I am trying to create a kontakt instrument for a loop which has displays the waveform and slices within the GUI 

This function is already in use in several libraries including Damage and the big fish KLI series

Does anyone know where to start with creating a script like this?

My scripting level is pretty low at the moment and I'm not sure where to start

Any advice would be appreciated
:D [/u]


----------



## pjbridger (Jan 15, 2013)

Due to some advice from mk282

I have been able to do some much better searching on this topic,

It has revealed these threads by Lindon and jdawg

http://www.vi-control.net/forum/viewtop ... uiwaveform

http://www.vi-control.net/forum/viewtop ... uiwaveform

I have created a small script to show the wave form using these sources,

The script is great for my uses, but i would like the play marker to follow the sample playback when a key is pressed and also the zone markers to be visible on the waveform,

Can anyone help me with this?



> on init
> make_perfview
> 
> 
> ...



I found this script which I think should show the zones but it doesnt seem to work for me?




> on init
> declare ui_waveform $Waveform(6,6)
> attach_zone ($Waveform,find_zone(”Test”),$UI_WAVEFORM_USE_SLICES)
> end on


----------



## polypx (Jan 15, 2013)

you need to find the ID of your zone using find_zone 
$which_zone := find_zone("Test")

The $UI_WAVEFORM_USE_TABLE and $UI_WAVEFORM_USE_MIDI_DRAG flags will only
work if $UI_WAVEFORM_USE_SLICES is already set:
attach_zone($my_waveform,$which_zone,$UI_WAVEFORM_USE_SLICES) 
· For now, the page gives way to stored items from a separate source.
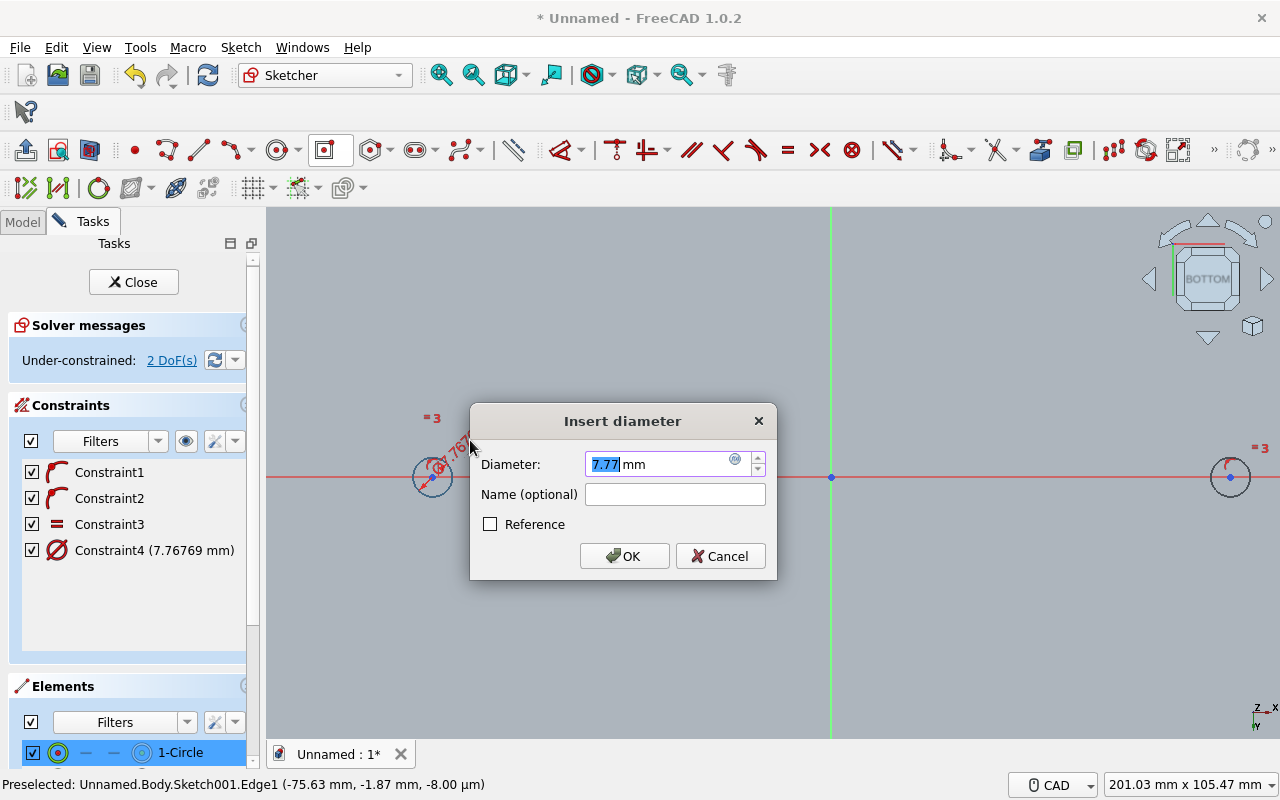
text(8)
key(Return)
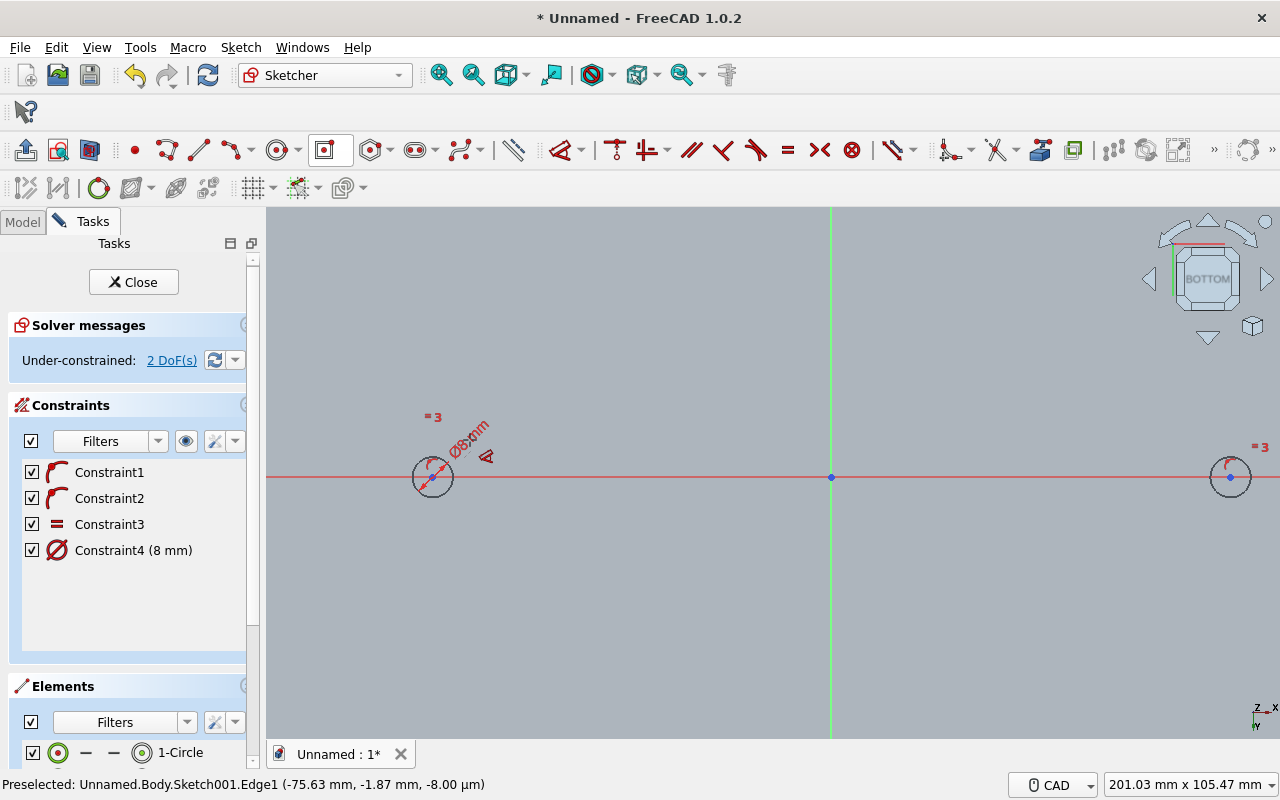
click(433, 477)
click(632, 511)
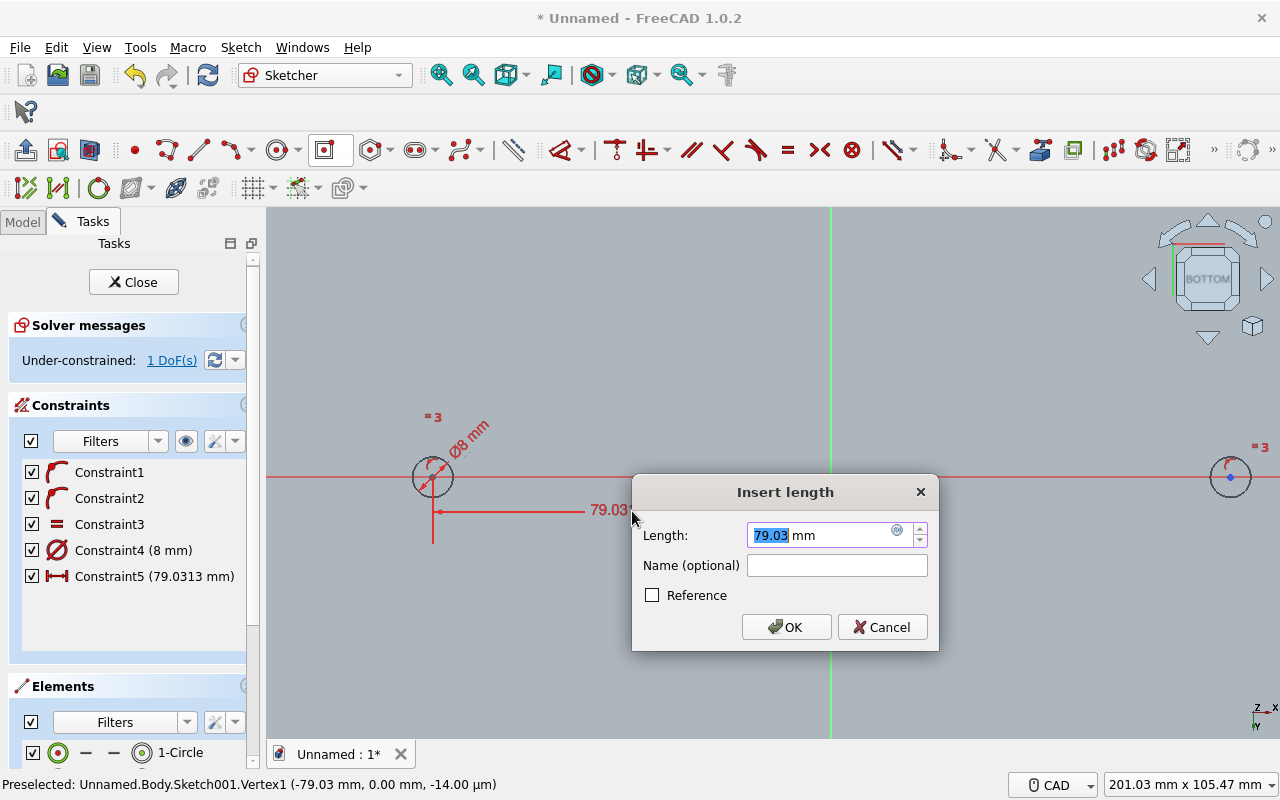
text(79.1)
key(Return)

and then set the use table flag:
attach_zone($my_waveform,$which_zone,$UI_WAVEFORM_USE_TABLE) 


In this, and in your second example, "Test" needs to be the name of the sample without extension.


----------



## pjbridger (Jan 15, 2013)

Thank you very much for your reply Polypx,

I have amended the code, but it still does not seem to be working,

This is what I added,



> on init
> 
> make_perfview
> 
> ...



the test file im using is called Gibbo Message Alert :!: 

Apologies if i have done this completely wrong,

I am a real beginner :oops:


----------



## polypx (Jan 15, 2013)

Try this, replacing "sine880" with the name of your waveform. Be careful, it has to be exactly the correct spelling.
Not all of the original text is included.